## [Task prompt]
Will you transcribe all the entries word for word, skipping the pictures they hold?

[Start of section]

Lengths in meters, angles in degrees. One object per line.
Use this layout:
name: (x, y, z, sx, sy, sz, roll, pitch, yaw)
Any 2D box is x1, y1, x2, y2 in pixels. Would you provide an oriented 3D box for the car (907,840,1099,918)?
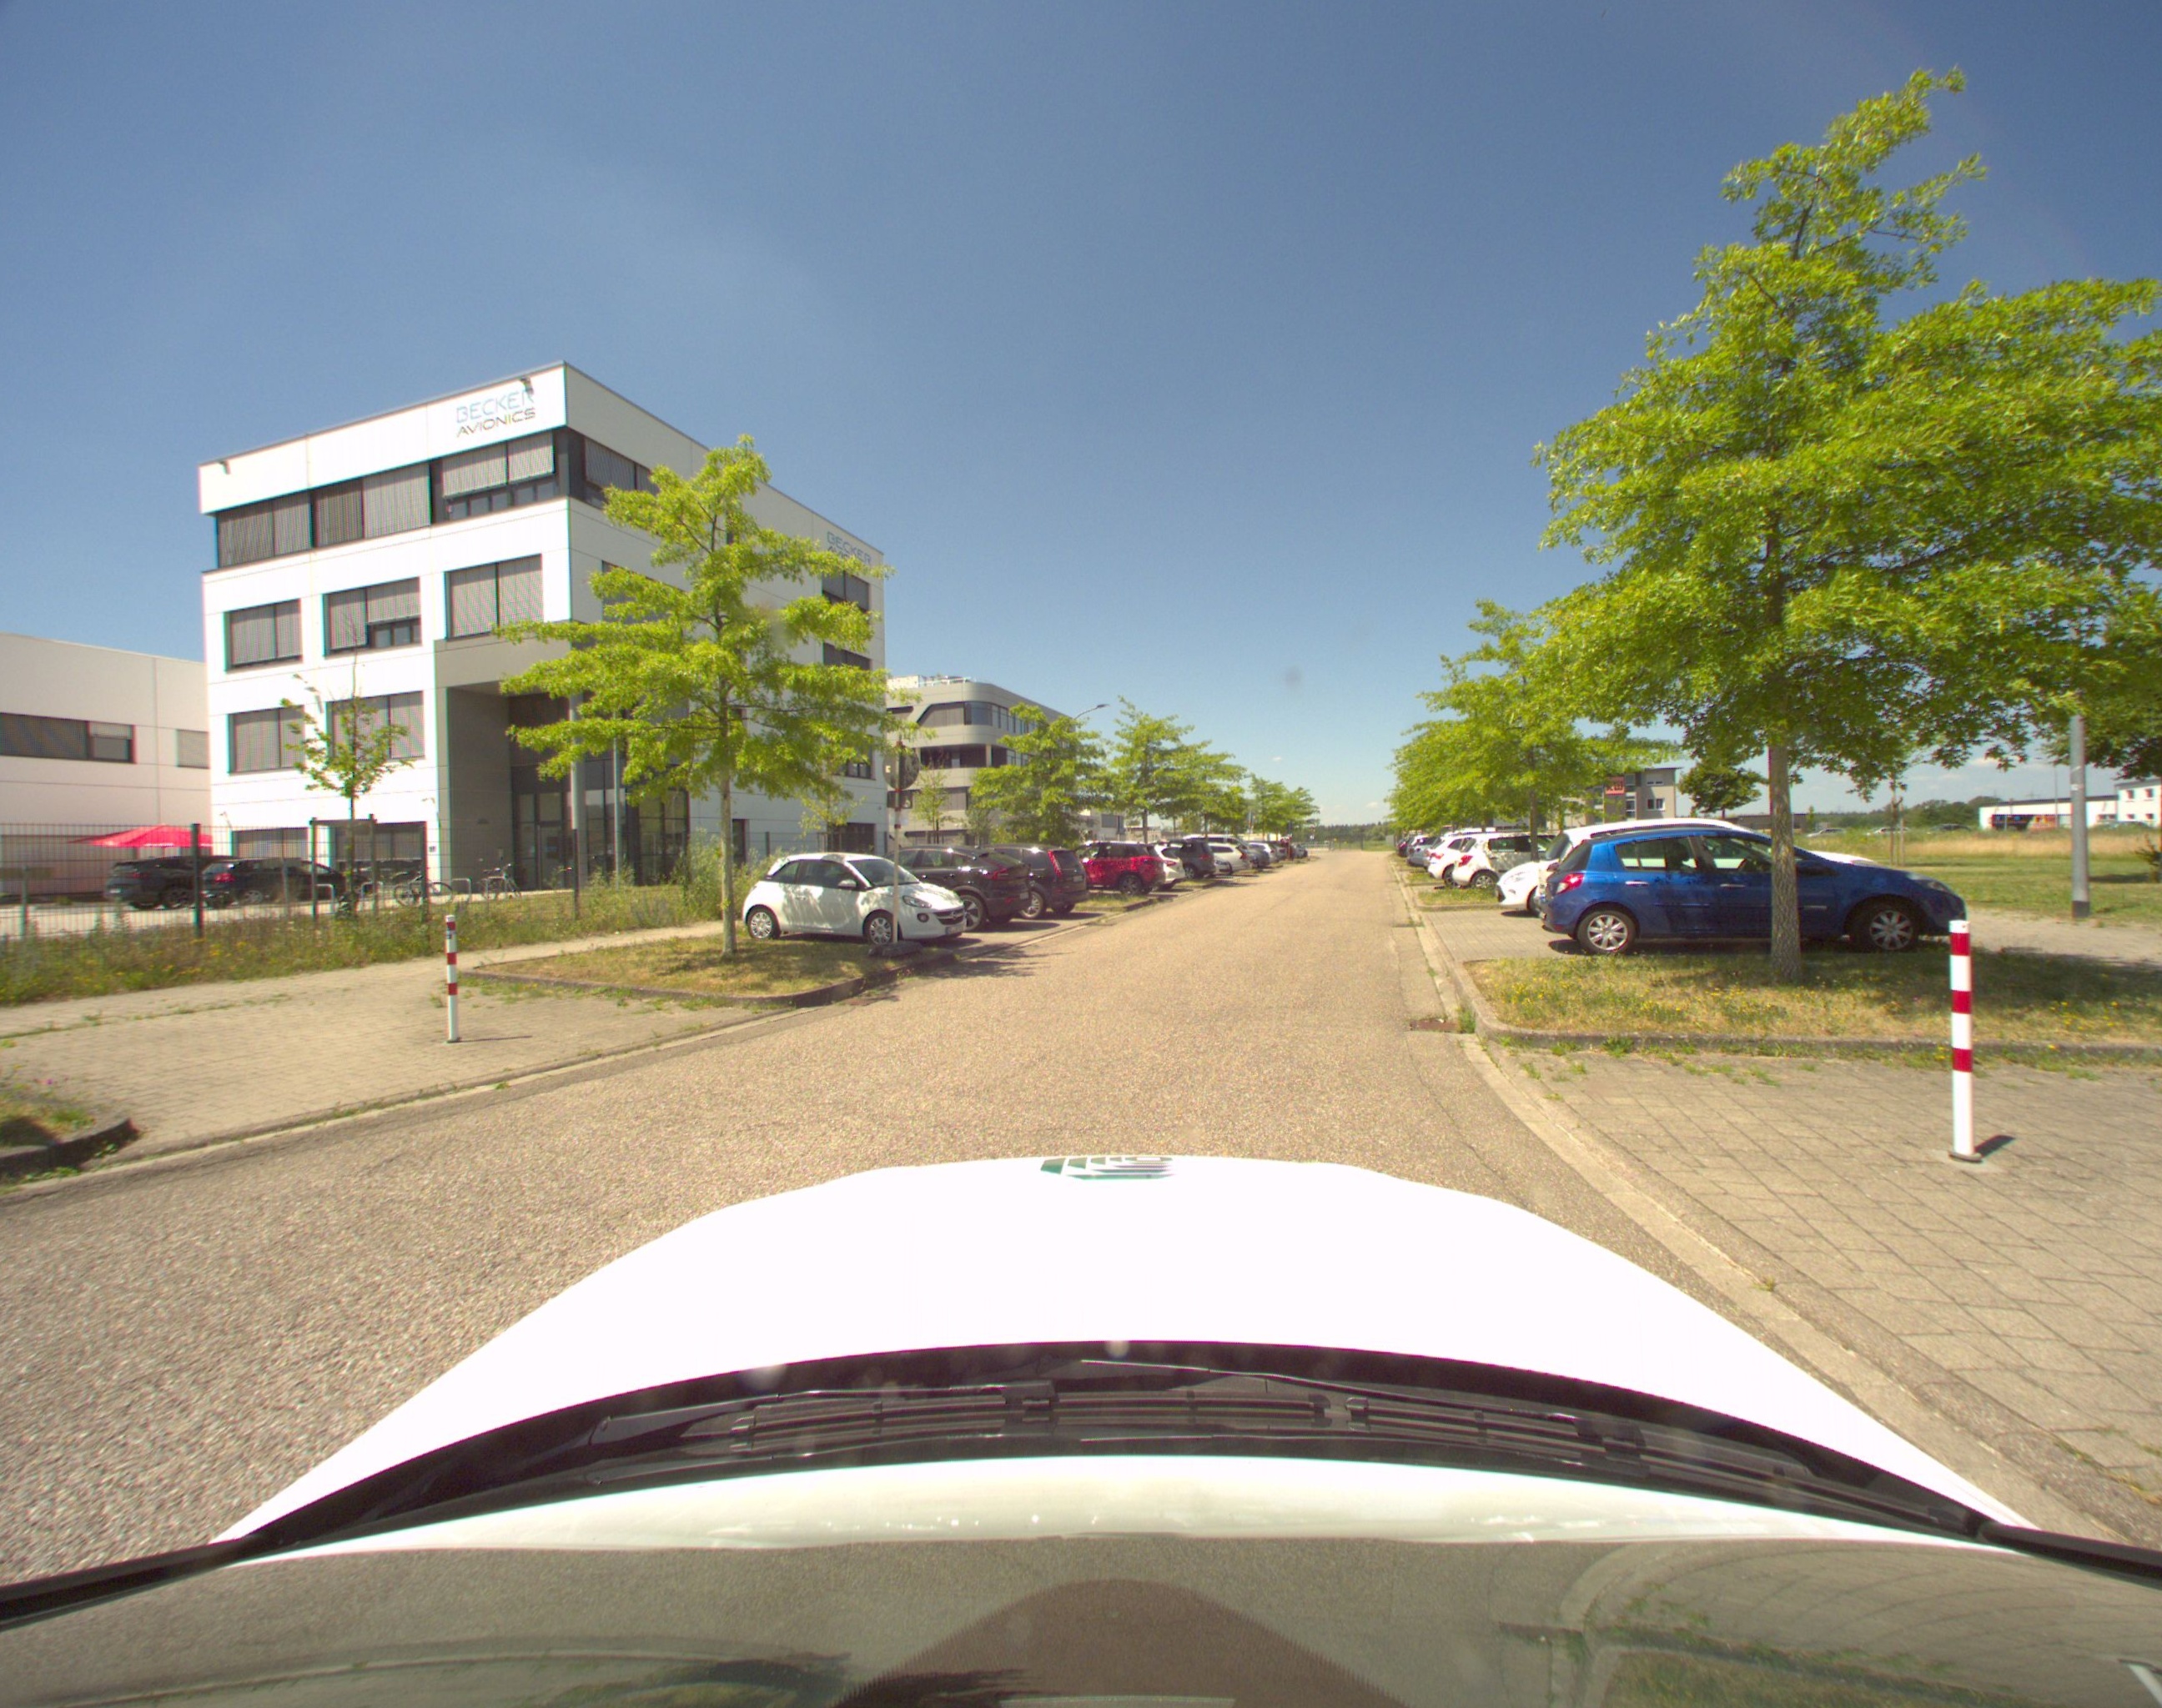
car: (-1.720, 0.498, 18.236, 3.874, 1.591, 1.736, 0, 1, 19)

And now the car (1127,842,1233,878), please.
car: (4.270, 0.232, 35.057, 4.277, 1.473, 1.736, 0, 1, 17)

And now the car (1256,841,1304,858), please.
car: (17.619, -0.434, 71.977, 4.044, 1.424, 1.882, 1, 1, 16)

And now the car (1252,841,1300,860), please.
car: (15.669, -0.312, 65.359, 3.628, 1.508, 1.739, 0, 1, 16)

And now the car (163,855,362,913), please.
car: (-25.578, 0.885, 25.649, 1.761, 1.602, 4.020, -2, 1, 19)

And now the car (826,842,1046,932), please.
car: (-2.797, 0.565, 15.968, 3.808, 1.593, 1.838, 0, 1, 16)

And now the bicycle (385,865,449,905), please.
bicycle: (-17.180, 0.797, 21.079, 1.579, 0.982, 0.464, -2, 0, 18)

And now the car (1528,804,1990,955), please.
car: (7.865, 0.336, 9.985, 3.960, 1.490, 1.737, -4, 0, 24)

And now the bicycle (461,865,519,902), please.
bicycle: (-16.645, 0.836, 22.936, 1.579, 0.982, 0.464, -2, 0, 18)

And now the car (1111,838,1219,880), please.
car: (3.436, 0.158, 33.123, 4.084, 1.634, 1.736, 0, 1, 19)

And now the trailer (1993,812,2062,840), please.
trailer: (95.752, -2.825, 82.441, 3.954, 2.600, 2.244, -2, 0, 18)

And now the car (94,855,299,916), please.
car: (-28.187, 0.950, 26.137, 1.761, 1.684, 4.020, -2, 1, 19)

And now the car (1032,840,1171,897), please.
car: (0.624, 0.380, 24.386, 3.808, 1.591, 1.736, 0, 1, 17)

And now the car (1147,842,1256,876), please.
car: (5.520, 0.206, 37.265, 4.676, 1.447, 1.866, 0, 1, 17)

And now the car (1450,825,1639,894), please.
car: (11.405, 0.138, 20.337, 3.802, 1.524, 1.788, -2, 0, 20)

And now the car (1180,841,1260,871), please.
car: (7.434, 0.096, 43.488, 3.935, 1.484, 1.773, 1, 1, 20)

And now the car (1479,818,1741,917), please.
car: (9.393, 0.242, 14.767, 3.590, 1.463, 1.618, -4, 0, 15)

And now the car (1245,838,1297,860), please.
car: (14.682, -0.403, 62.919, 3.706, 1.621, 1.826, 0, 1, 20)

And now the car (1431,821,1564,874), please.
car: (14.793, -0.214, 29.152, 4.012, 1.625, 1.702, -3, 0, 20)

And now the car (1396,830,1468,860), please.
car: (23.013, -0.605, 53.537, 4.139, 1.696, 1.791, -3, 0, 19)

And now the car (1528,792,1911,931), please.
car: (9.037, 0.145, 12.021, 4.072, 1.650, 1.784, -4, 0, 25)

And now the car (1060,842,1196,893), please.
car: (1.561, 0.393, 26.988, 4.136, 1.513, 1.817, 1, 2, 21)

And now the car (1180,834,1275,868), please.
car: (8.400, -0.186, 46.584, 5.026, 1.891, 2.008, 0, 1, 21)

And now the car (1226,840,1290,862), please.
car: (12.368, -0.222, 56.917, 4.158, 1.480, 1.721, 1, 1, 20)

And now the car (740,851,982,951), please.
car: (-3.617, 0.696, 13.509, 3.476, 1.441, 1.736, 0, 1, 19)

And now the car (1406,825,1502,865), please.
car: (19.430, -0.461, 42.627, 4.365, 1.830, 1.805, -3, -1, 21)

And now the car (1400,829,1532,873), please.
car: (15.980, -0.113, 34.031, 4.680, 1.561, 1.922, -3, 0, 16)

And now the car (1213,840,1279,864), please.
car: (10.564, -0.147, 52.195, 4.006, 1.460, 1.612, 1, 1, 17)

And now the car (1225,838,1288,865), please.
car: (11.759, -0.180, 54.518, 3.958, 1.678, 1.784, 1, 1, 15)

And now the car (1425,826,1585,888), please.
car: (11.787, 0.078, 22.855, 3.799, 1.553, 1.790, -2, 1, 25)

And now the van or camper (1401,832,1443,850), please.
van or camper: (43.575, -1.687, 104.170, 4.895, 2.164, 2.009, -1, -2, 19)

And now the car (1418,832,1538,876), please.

[End of section]

## [Answer to the exercise]
Lengths in meters, angles in degrees. One object per line.
Use this layout:
name: (x, y, z, sx, sy, sz, roll, pitch, yaw)
Any 2D box is x1, y1, x2, y2 in pixels. Would you provide an oriented 3D box for the car (907,840,1099,918)?
car: (-1.720, 0.498, 18.236, 3.874, 1.591, 1.736, 0, 1, 19)

And now the car (1127,842,1233,878), please.
car: (4.270, 0.232, 35.057, 4.277, 1.473, 1.736, 0, 1, 17)

And now the car (1256,841,1304,858), please.
car: (17.619, -0.434, 71.977, 4.044, 1.424, 1.882, 1, 1, 16)

And now the car (1252,841,1300,860), please.
car: (15.669, -0.312, 65.359, 3.628, 1.508, 1.739, 0, 1, 16)

And now the car (163,855,362,913), please.
car: (-25.578, 0.885, 25.649, 1.761, 1.602, 4.020, -2, 1, 19)

And now the car (826,842,1046,932), please.
car: (-2.797, 0.565, 15.968, 3.808, 1.593, 1.838, 0, 1, 16)

And now the bicycle (385,865,449,905), please.
bicycle: (-17.180, 0.797, 21.079, 1.579, 0.982, 0.464, -2, 0, 18)

And now the car (1528,804,1990,955), please.
car: (7.865, 0.336, 9.985, 3.960, 1.490, 1.737, -4, 0, 24)

And now the bicycle (461,865,519,902), please.
bicycle: (-16.645, 0.836, 22.936, 1.579, 0.982, 0.464, -2, 0, 18)

And now the car (1111,838,1219,880), please.
car: (3.436, 0.158, 33.123, 4.084, 1.634, 1.736, 0, 1, 19)

And now the trailer (1993,812,2062,840), please.
trailer: (95.752, -2.825, 82.441, 3.954, 2.600, 2.244, -2, 0, 18)

And now the car (94,855,299,916), please.
car: (-28.187, 0.950, 26.137, 1.761, 1.684, 4.020, -2, 1, 19)

And now the car (1032,840,1171,897), please.
car: (0.624, 0.380, 24.386, 3.808, 1.591, 1.736, 0, 1, 17)

And now the car (1147,842,1256,876), please.
car: (5.520, 0.206, 37.265, 4.676, 1.447, 1.866, 0, 1, 17)

And now the car (1450,825,1639,894), please.
car: (11.405, 0.138, 20.337, 3.802, 1.524, 1.788, -2, 0, 20)

And now the car (1180,841,1260,871), please.
car: (7.434, 0.096, 43.488, 3.935, 1.484, 1.773, 1, 1, 20)

And now the car (1479,818,1741,917), please.
car: (9.393, 0.242, 14.767, 3.590, 1.463, 1.618, -4, 0, 15)

And now the car (1245,838,1297,860), please.
car: (14.682, -0.403, 62.919, 3.706, 1.621, 1.826, 0, 1, 20)

And now the car (1431,821,1564,874), please.
car: (14.793, -0.214, 29.152, 4.012, 1.625, 1.702, -3, 0, 20)

And now the car (1396,830,1468,860), please.
car: (23.013, -0.605, 53.537, 4.139, 1.696, 1.791, -3, 0, 19)

And now the car (1528,792,1911,931), please.
car: (9.037, 0.145, 12.021, 4.072, 1.650, 1.784, -4, 0, 25)

And now the car (1060,842,1196,893), please.
car: (1.561, 0.393, 26.988, 4.136, 1.513, 1.817, 1, 2, 21)

And now the car (1180,834,1275,868), please.
car: (8.400, -0.186, 46.584, 5.026, 1.891, 2.008, 0, 1, 21)

And now the car (1226,840,1290,862), please.
car: (12.368, -0.222, 56.917, 4.158, 1.480, 1.721, 1, 1, 20)

And now the car (740,851,982,951), please.
car: (-3.617, 0.696, 13.509, 3.476, 1.441, 1.736, 0, 1, 19)

And now the car (1406,825,1502,865), please.
car: (19.430, -0.461, 42.627, 4.365, 1.830, 1.805, -3, -1, 21)

And now the car (1400,829,1532,873), please.
car: (15.980, -0.113, 34.031, 4.680, 1.561, 1.922, -3, 0, 16)

And now the car (1213,840,1279,864), please.
car: (10.564, -0.147, 52.195, 4.006, 1.460, 1.612, 1, 1, 17)

And now the car (1225,838,1288,865), please.
car: (11.759, -0.180, 54.518, 3.958, 1.678, 1.784, 1, 1, 15)

And now the car (1425,826,1585,888), please.
car: (11.787, 0.078, 22.855, 3.799, 1.553, 1.790, -2, 1, 25)

And now the van or camper (1401,832,1443,850), please.
van or camper: (43.575, -1.687, 104.170, 4.895, 2.164, 2.009, -1, -2, 19)

And now the car (1418,832,1538,876), please.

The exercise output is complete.